McGreeveys don't address real issue on 'Oprah'
What's important is that the governor could potentially have put innocent people at risk
George Burns / AP
As I was watching Dina Matos McGreevey on “Oprah” Tuesday, I had very mixed feelings. I’ve known Dina for many years and have always found her to be dignified, classy and understated. When she was First Lady of New Jersey, my sense was that she really cared about making a difference, particularly when it came to the subject of literacy and the importance of reading to our children.
Our children actually go to the same preschool and her daughter Jacqueline, who is 5, seems like a sweet little girl. But here is the part that concerns me. I understand why Oprah would want Dina to come on the show and give her version of this sordid and salacious story involving a “gay American” ex-governor who did all he could in a few short years to disgrace his office. Let’s be clear. Jim McGreevey disgracing the governor’s office had nothing to do with him being gay and everything to do with him being less than straight, honest and ethical in his dealings and his public decision-making.

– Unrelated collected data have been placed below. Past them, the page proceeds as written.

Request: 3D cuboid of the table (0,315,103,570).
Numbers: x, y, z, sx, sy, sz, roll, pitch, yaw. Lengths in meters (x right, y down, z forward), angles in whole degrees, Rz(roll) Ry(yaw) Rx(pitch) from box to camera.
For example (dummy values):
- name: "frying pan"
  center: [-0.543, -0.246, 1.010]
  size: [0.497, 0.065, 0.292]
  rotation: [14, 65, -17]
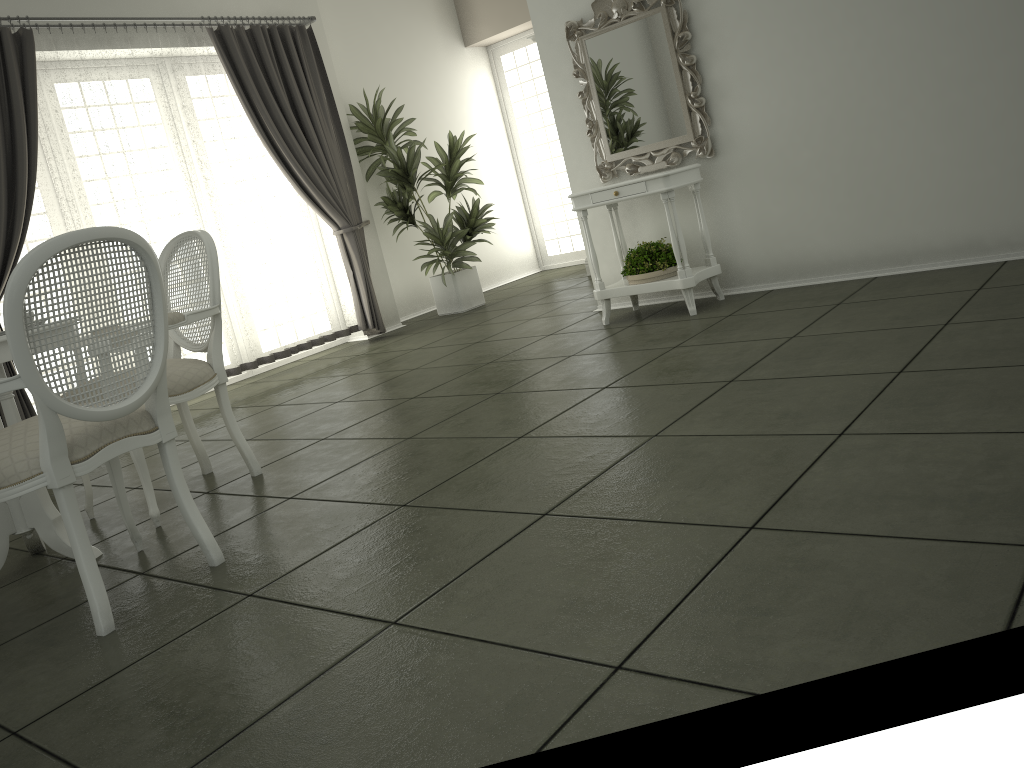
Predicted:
- name: "table"
  center: [-1.786, 0.254, 3.104]
  size: [0.736, 0.821, 0.754]
  rotation: [-7, 11, 38]

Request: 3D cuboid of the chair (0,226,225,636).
- name: "chair"
  center: [-1.284, 0.123, 2.583]
  size: [0.685, 1.052, 0.606]
  rotation: [-9, 9, 32]

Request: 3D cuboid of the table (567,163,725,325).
- name: "table"
  center: [0.795, -0.806, 5.178]
  size: [0.694, 0.797, 0.440]
  rotation: [-6, 11, 41]

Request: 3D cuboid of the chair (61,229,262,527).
- name: "chair"
  center: [-1.466, -0.055, 3.632]
  size: [0.591, 1.052, 0.702]
  rotation: [-7, 11, 42]

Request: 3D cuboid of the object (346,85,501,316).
- name: "object"
  center: [-0.704, -1.671, 7.840]
  size: [1.177, 2.074, 1.038]
  rotation: [-18, 9, -30]

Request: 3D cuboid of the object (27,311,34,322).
- name: "object"
  center: [-1.793, -0.238, 3.261]
  size: [0.063, 0.049, 0.078]
  rotation: [-17, 11, -15]

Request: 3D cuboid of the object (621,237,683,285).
- name: "object"
  center: [0.818, -0.738, 5.193]
  size: [0.344, 0.229, 0.381]
  rotation: [-6, 13, 36]

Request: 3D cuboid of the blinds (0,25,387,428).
- name: "blinds"
  center: [-2.430, -1.158, 6.183]
  size: [0.656, 2.573, 3.729]
  rotation: [-8, 11, 41]

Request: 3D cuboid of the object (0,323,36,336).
- name: "object"
  center: [-1.670, -0.181, 2.967]
  size: [0.118, 0.015, 0.121]
  rotation: [-7, 13, 31]

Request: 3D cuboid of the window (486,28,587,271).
- name: "window"
  center: [0.410, -2.477, 9.361]
  size: [0.994, 2.474, 0.059]
  rotation: [-7, 9, 41]

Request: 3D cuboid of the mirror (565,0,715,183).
- name: "mirror"
  center: [0.723, -1.865, 5.280]
  size: [0.833, 1.196, 0.083]
  rotation: [-7, 10, 41]

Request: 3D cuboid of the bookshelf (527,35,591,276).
- name: "bookshelf"
  center: [1.000, -2.230, 7.894]
  size: [1.143, 2.319, 0.636]
  rotation: [-7, 10, 41]

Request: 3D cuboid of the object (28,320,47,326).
- name: "object"
  center: [-1.785, -0.214, 3.257]
  size: [0.118, 0.015, 0.121]
  rotation: [-7, 13, 31]

The issue I have with the nearly three-year-old McGreevey saga and Jim and Dina’s dueling books being promoted on Oprah is that while many want to know the lurid and very private details of what and when Dina knew about Jim being gay, it has little, if anything to do with our lives. Jim McGreevey lowered the bar for public office and raised the ante in his book -- and Oprah appearance -- by focusing on the most titillating aspects of leading this secret sexual life, including stories about rest stops and anonymous gay sex. You get the idea. Oprah, of course, then had to ask Dina how she couldn’t have known that Jim was gay and what signs she saw. Then Dina wound up talking about the sex being just fine between them but still feeling betrayed because she had no clue that Jim was having a gay affair.

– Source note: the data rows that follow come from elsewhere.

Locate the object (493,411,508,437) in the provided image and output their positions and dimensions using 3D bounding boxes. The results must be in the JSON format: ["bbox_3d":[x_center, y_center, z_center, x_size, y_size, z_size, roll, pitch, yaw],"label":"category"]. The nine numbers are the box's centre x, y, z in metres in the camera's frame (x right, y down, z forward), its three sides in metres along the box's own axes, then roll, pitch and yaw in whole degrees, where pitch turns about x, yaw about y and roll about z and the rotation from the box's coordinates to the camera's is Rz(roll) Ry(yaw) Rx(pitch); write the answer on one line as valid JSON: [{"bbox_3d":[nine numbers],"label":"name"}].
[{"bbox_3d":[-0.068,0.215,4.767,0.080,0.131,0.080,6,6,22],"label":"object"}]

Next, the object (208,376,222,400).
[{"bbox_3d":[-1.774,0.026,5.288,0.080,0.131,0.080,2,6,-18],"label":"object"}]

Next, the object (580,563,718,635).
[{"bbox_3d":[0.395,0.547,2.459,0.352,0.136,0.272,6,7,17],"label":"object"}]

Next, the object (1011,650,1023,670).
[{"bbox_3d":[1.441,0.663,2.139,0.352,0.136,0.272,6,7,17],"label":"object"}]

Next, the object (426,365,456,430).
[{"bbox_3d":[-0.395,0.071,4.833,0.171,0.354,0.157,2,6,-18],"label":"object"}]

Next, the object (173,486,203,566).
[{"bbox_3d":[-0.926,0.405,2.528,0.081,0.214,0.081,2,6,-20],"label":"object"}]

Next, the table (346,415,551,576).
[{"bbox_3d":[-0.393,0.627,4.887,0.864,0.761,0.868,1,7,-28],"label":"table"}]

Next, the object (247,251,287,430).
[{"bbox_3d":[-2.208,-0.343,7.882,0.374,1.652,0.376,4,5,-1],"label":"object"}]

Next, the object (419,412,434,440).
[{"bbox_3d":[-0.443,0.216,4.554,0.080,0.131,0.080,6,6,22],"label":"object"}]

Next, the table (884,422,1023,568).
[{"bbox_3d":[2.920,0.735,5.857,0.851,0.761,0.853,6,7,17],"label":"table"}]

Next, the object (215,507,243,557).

Funny, what is truly the most important and newsworthy part of this story -- particularly for people in New Jersey -- is that Jim McGreevey made decisions as governor that could potentially have put innocent people at risk. He still has never truly answered or made sense of why he named his then-lover, Golan Cipel, as his top homeland security advisor even though Cipel was not an American citizen, had virtually no experience in this most sensitive field and couldn’t get security clearance from the government. McGreevey did this soon after 9/11, knowing how vulnerable the New York Metropolitan area was.